> **WORKING DATA**
========
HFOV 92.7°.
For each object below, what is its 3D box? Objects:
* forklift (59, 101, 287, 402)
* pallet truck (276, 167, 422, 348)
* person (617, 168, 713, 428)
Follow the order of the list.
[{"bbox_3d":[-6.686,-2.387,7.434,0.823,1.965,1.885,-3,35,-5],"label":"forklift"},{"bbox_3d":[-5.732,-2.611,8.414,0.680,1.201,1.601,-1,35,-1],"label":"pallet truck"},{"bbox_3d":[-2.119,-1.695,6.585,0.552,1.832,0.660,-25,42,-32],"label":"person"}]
========
> **TRY IT**
Return all of the lines above exactly, with none omitted.

> **ANSWER SECTION**
HFOV 92.7°.
For each object below, what is its 3D box? Objects:
* forklift (59, 101, 287, 402)
* pallet truck (276, 167, 422, 348)
* person (617, 168, 713, 428)
Follow the order of the list.
[{"bbox_3d":[-6.686,-2.387,7.434,0.823,1.965,1.885,-3,35,-5],"label":"forklift"},{"bbox_3d":[-5.732,-2.611,8.414,0.680,1.201,1.601,-1,35,-1],"label":"pallet truck"},{"bbox_3d":[-2.119,-1.695,6.585,0.552,1.832,0.660,-25,42,-32],"label":"person"}]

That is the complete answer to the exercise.